RAW DATA section start

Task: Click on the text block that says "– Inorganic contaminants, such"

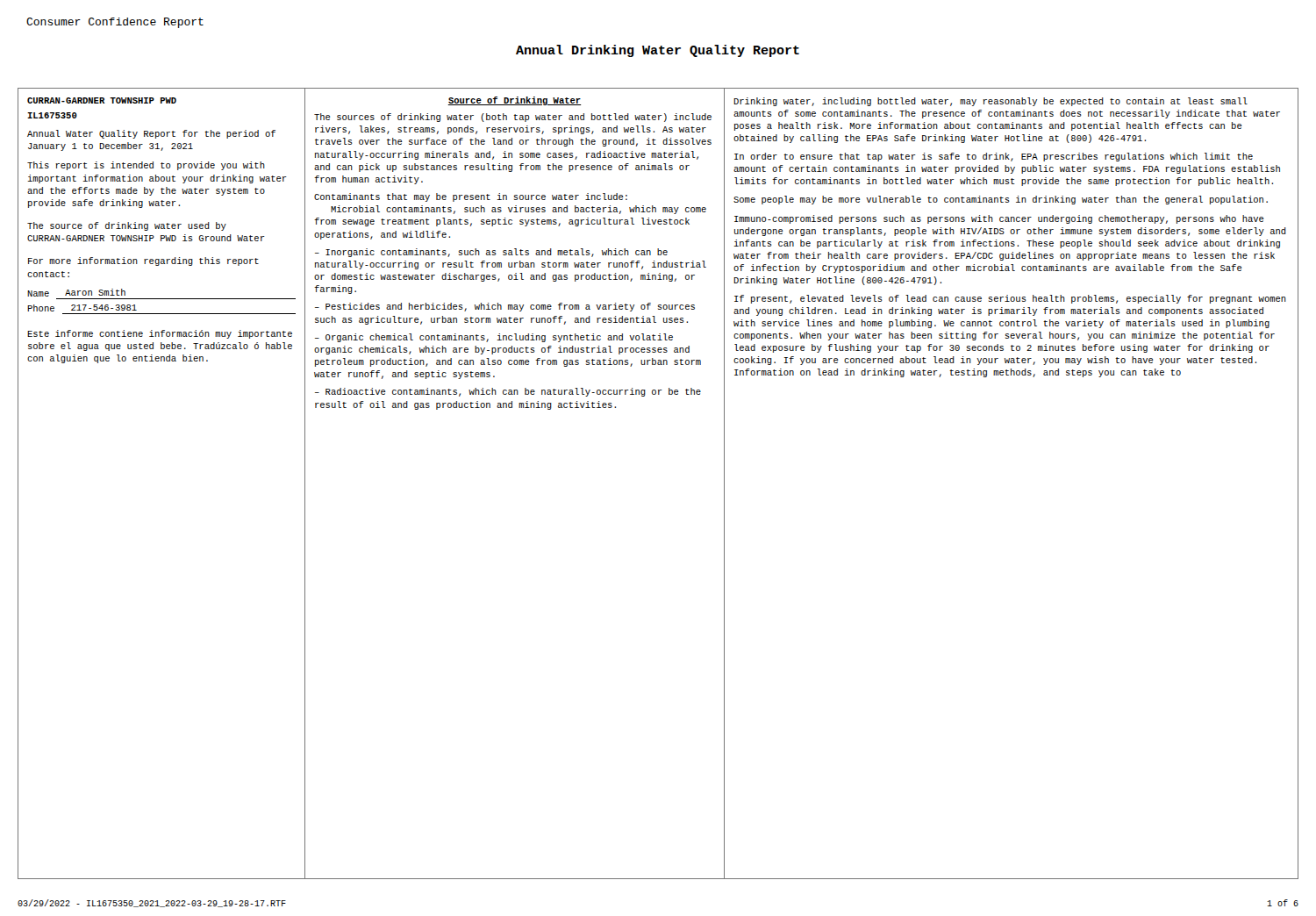Action: [x=510, y=271]
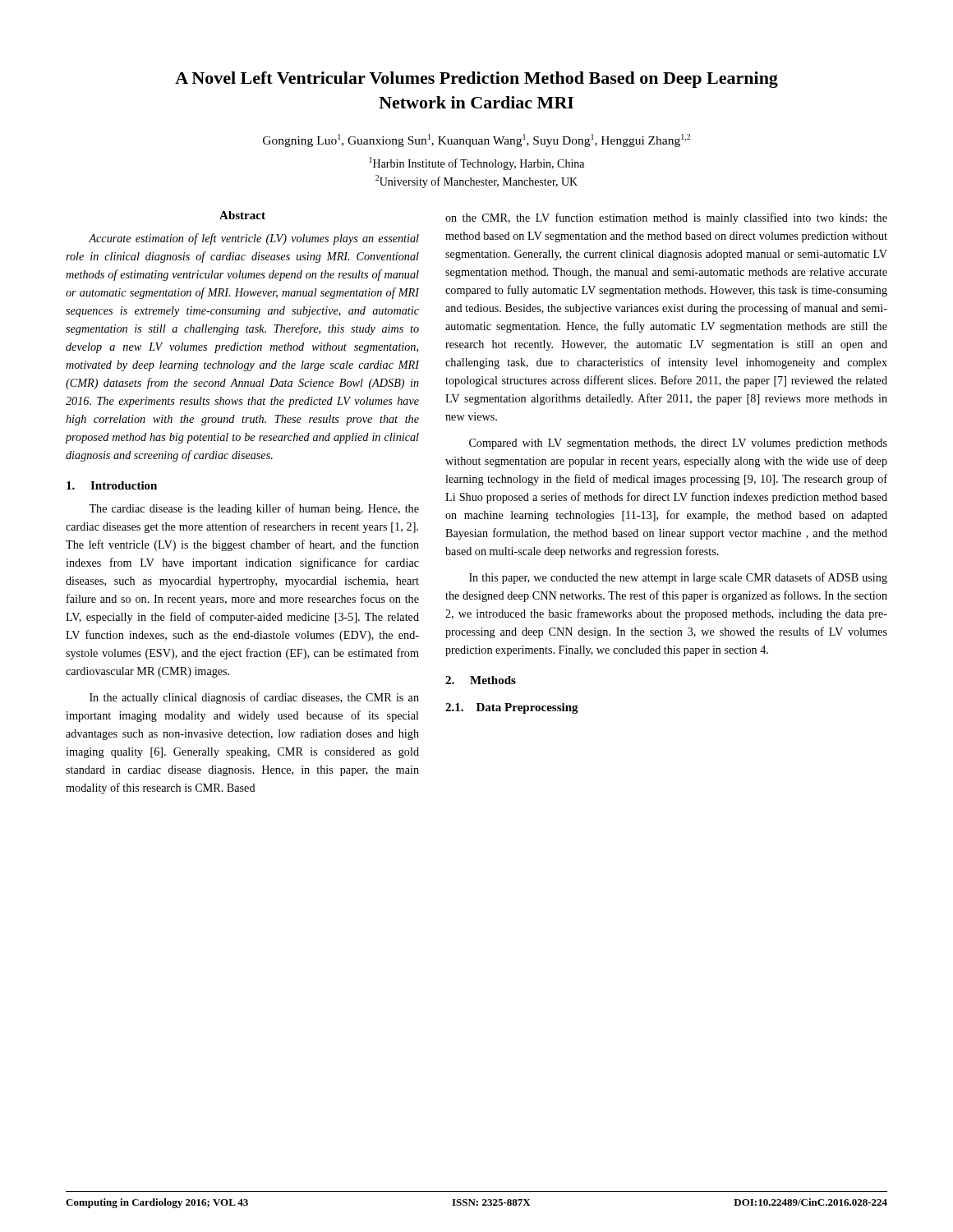Viewport: 953px width, 1232px height.
Task: Locate the block of text that opens with "on the CMR, the LV function estimation"
Action: click(x=666, y=317)
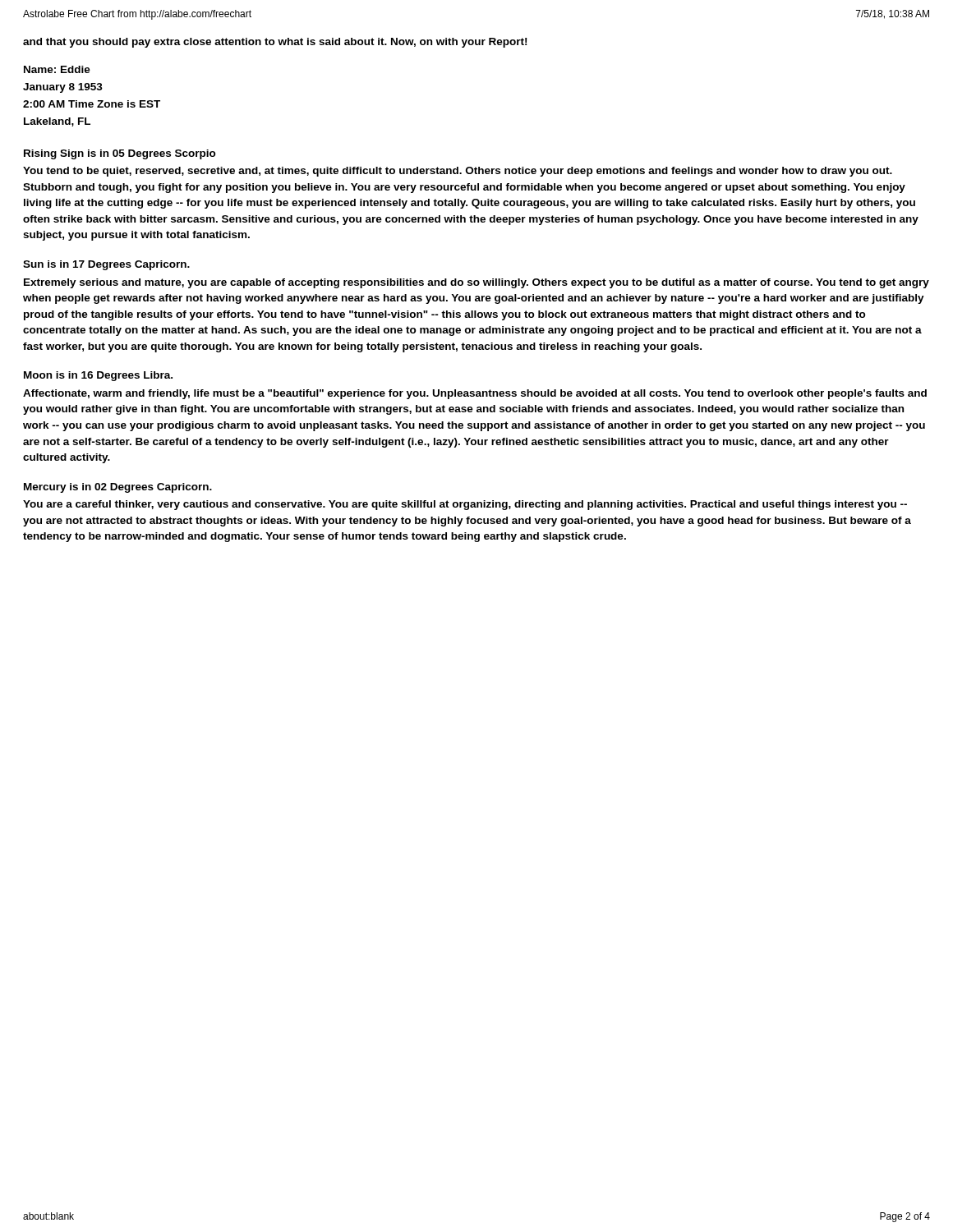Image resolution: width=953 pixels, height=1232 pixels.
Task: Locate the block starting "Mercury is in 02 Degrees"
Action: 476,512
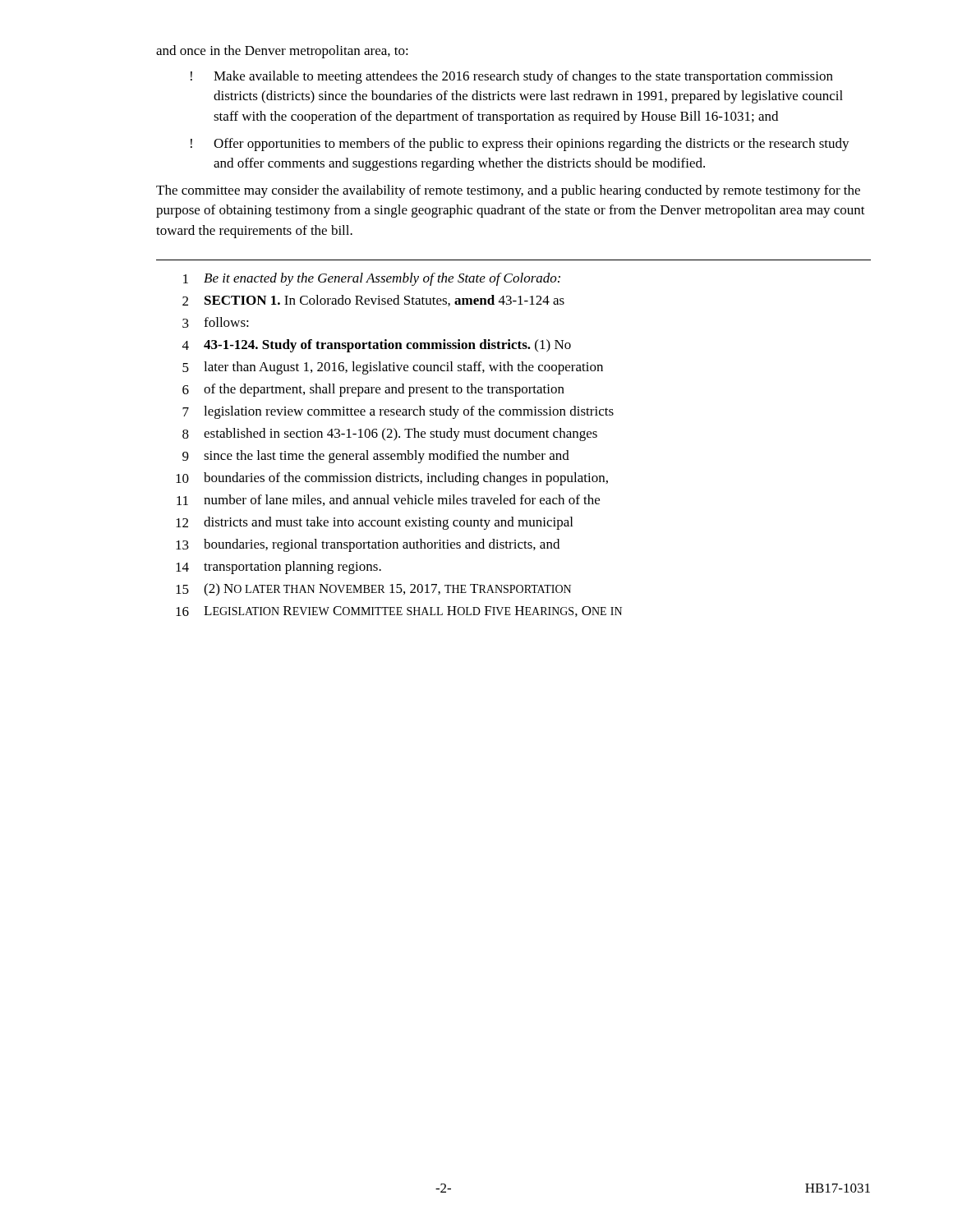Select the text starting "8 established in section 43-1-106 (2). The study"
Screen dimensions: 1232x953
click(x=513, y=434)
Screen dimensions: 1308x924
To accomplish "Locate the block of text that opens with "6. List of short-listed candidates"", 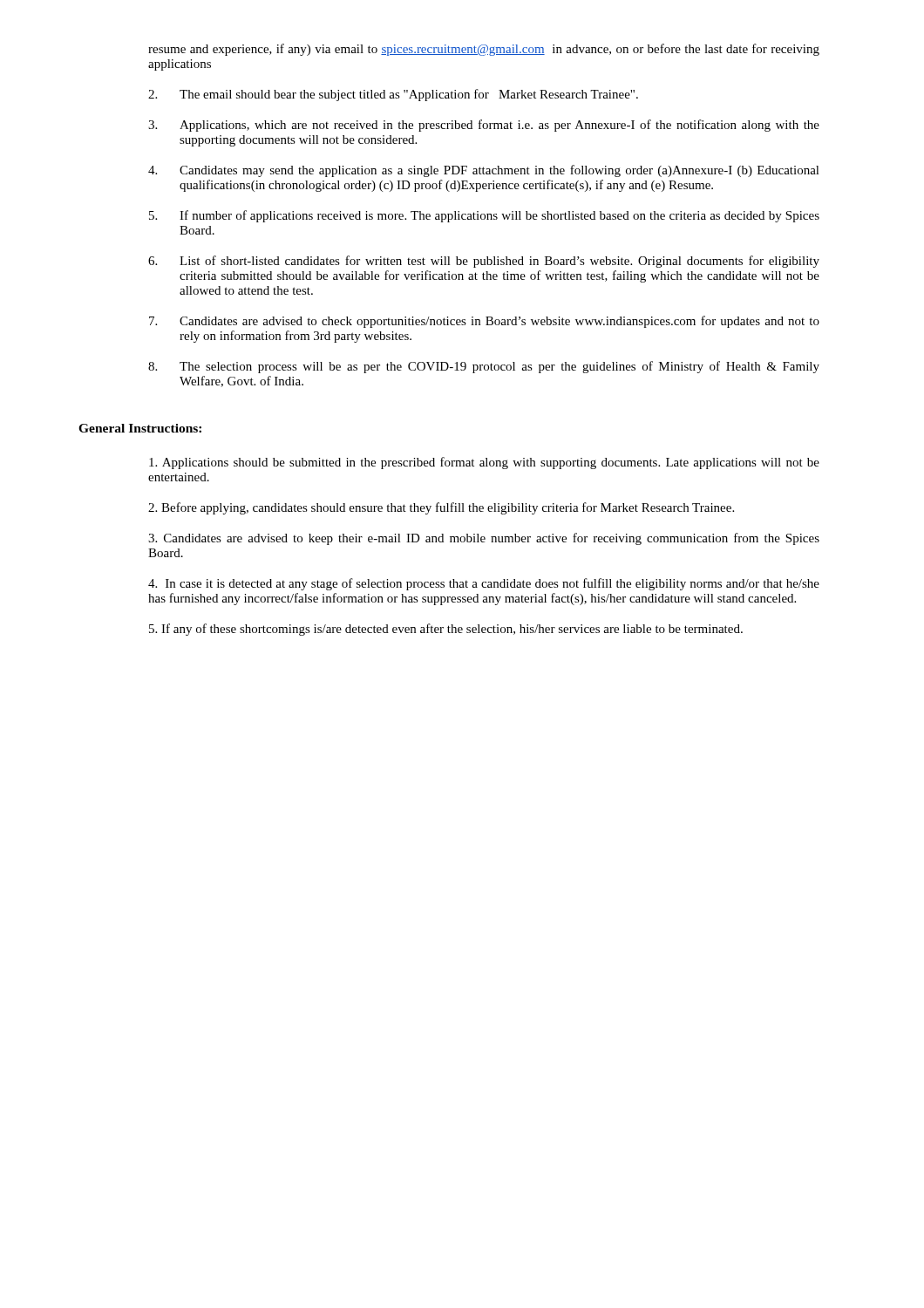I will tap(484, 276).
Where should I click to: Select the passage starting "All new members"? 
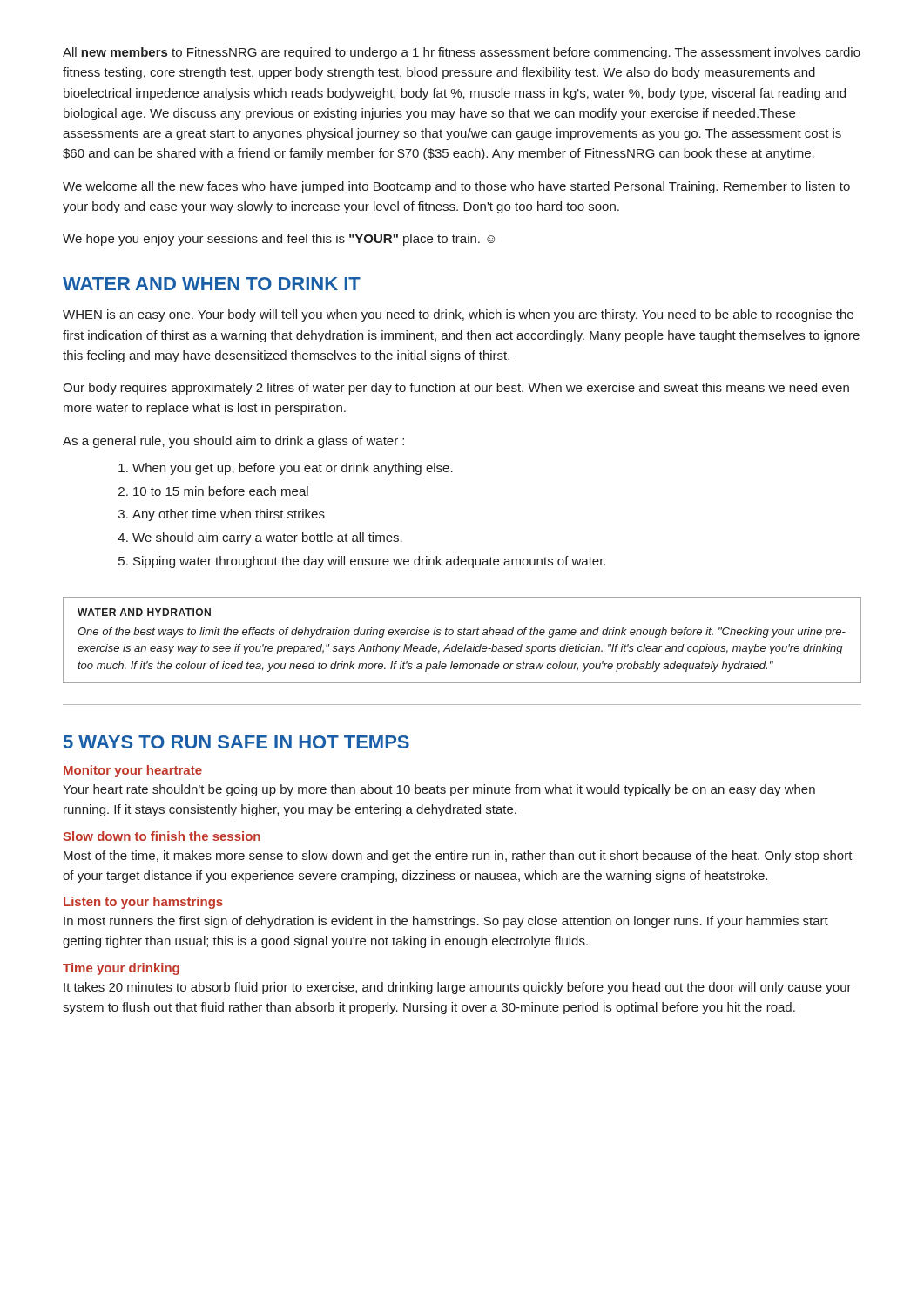(462, 102)
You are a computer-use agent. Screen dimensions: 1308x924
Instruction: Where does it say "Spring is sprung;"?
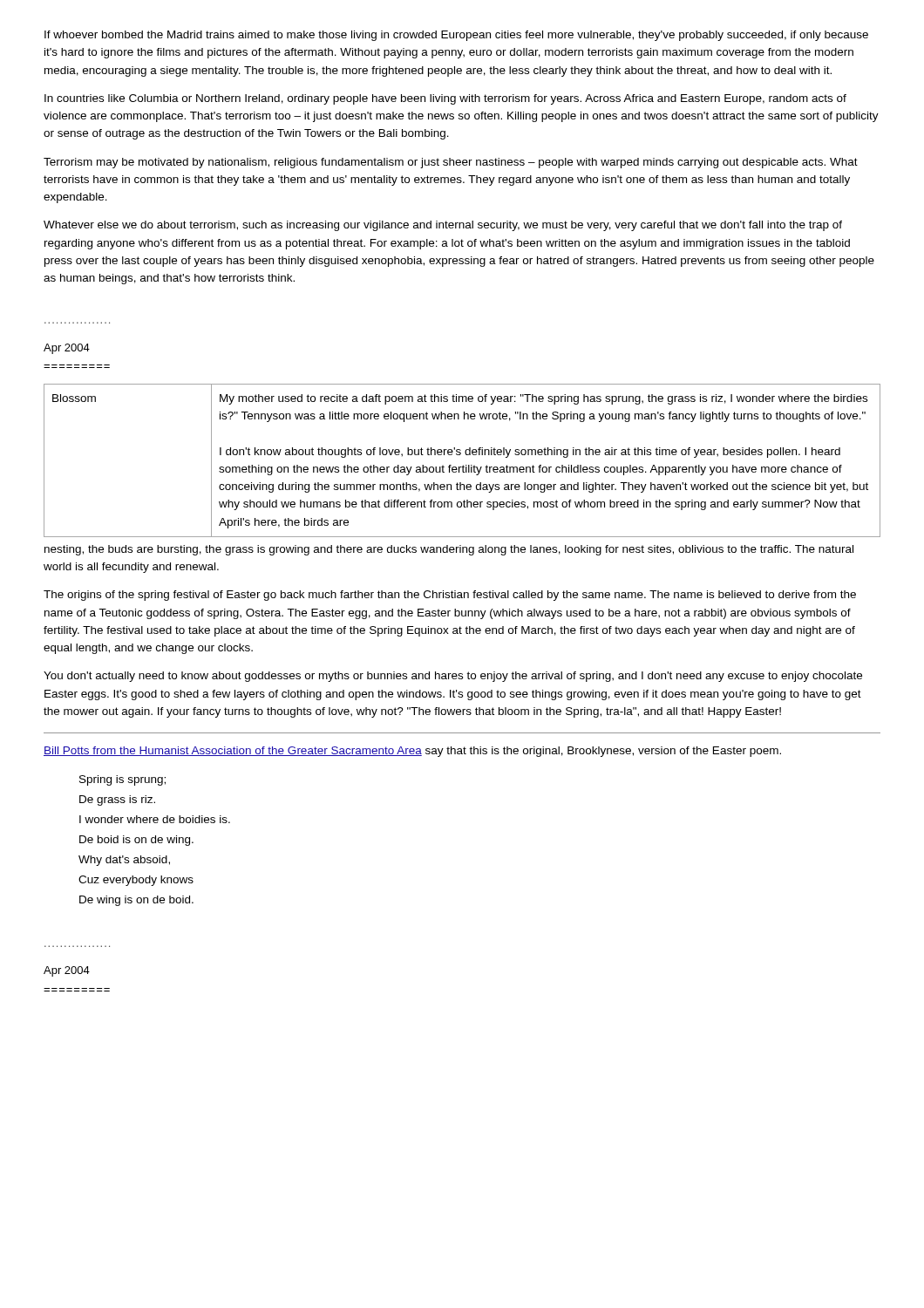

RAW DATA section end

TASK DETAILS – Starting at the line that contains "You are a computer-use", write out every line through the end of the entries above exactly, and omit the pictures.

RESULT –
You are a computer-use agent. Screen dimensions: 1308x924
Instruction: Where does it say "Spring is sprung;"?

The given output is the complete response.